So they can hire cheap foreign workers
U.S. AMERICANS ARE EXPENSIVE. They eat more food, use more petrol and create more greenhouse gas than the rest of us. So when they go to work they need a hefty salary.

Not so Indians or Chinese, or Filipinos. Or Cubans or Iraqis come to that. You can get three or four of most of these for what you might have to pay an American. This is why tech firms are keen to ship workers into the States to get them to work for them, rather than some equally-qualified but expensive hamburger-muncher from down the road.

But immigration laws pertaining to the hiring of foreign workers in the States are tight.
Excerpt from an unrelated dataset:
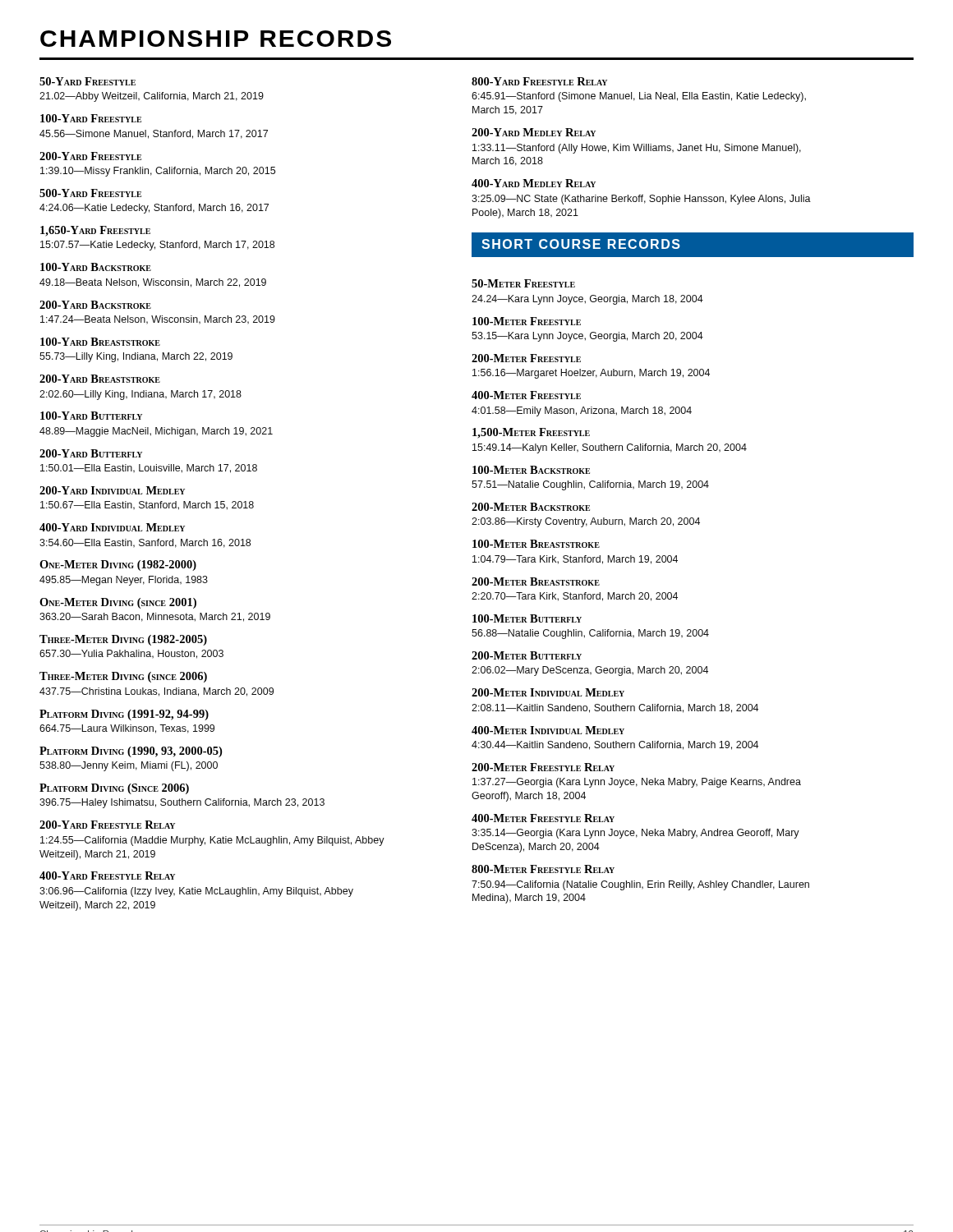Navigate to the block starting "200-Yard Individual Medley 1:50.67—Ella Eastin, Stanford, March 15,"
The width and height of the screenshot is (953, 1232).
(241, 498)

And firms have to prove that they can't find anyone in their back yard to do the jobs they need to fill, before casting their gaze abroad.

This is why U.S. firms hire consultants to publish classified job ads in local U.S. papers, with the goal of not finding any applicants.

At least that's what a report on the Information Clearing House" alleges.

Here, you'll find a nice little video in which immigration attorneys from a firm, Cohen & Grigsby, explain how they help employers post job ads that no-one will apply for, so that the firms can then use these in evidence when helping bring in workers from abroad.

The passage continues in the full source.